Axel Scherer:

„Creative City“ soll Europahaus ins Visier nehmen

Axel J. Scherer ist kulturpolitischer Sprecher der SPD-Ratsfraktion

Leerstände im Europahaus sollten für Kunst und Kultur genutzt, die Kosten aus dem Programm „Creative City“ bestritten werden. Dafür hat sich nun der Arbeitskreis „Kultur“ der SPD-Ratsfraktion ausgesprochen. „Ziel des Programms ist schließlich die Belebung unserer Innenstadt durch kulturelles Leben, etwa in Form von Galerien oder Werkstätten“, erklärt Axel J. Scherer, kulturpolitischer Sprecher der Rats-SPD. Nach dem Auszug des Fraktionsbüros der Linken Liste und der Schließung des Café Klatsch sind jüngst zwei weitere Leerstände in dem markanten Innenstadtgebäude hinzugekommen.

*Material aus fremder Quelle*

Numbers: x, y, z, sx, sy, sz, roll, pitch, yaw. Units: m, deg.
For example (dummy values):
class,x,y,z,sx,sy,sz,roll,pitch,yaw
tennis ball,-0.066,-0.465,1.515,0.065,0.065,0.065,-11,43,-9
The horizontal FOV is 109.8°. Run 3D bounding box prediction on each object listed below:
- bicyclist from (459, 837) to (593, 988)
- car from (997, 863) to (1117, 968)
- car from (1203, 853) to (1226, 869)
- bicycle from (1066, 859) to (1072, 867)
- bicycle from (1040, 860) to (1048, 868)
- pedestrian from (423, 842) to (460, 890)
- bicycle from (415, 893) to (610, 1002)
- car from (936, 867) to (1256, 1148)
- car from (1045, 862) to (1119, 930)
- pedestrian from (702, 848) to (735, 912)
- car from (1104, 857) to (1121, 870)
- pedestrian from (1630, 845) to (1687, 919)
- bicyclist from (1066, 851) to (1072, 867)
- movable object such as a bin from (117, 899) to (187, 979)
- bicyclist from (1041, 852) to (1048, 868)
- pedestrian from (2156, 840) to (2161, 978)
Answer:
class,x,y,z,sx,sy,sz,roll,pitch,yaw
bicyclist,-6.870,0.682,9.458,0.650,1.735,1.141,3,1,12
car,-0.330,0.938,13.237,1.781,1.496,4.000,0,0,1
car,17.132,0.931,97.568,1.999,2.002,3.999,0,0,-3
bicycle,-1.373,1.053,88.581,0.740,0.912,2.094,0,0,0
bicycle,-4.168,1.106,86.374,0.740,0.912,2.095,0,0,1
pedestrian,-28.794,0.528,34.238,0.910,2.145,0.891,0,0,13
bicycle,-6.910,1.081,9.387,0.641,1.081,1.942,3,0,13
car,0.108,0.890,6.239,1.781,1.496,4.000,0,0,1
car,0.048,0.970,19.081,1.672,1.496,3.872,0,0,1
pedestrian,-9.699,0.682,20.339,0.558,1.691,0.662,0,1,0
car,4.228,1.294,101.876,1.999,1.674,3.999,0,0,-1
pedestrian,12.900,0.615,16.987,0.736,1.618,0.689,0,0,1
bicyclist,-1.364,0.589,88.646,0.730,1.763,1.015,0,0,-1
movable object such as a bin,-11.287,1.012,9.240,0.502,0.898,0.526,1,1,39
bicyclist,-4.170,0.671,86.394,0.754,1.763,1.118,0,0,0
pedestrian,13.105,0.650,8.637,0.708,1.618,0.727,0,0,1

„Creative City“ ist ein mit drei Millionen Euro unterfüttertes Projekt, das es zum Ziel hat, verloren gegangene urbane Qualität zum Teil zu ersetzen und ein positiv wirkendes und resilienteres Innenstadtleben zu etablieren. Teilprojekte sind hier etwa ein Kreativquartiersmanagement mit Reallaboren sowie ein Künstlertreff mit Artothek und Literaturhaus.

Der besorgniserregende Zuwachs an Leerständen in der Innenstadt auf der einen Seite und die unmittelbare Nähe zu etablierten Kultureinrichtungen mit der Aussicht auf Synergien auf der anderen Seite sind nach Ansicht der SPD gute Gründe, im Rahmen von „Creative City2“ dort tätig zu werden.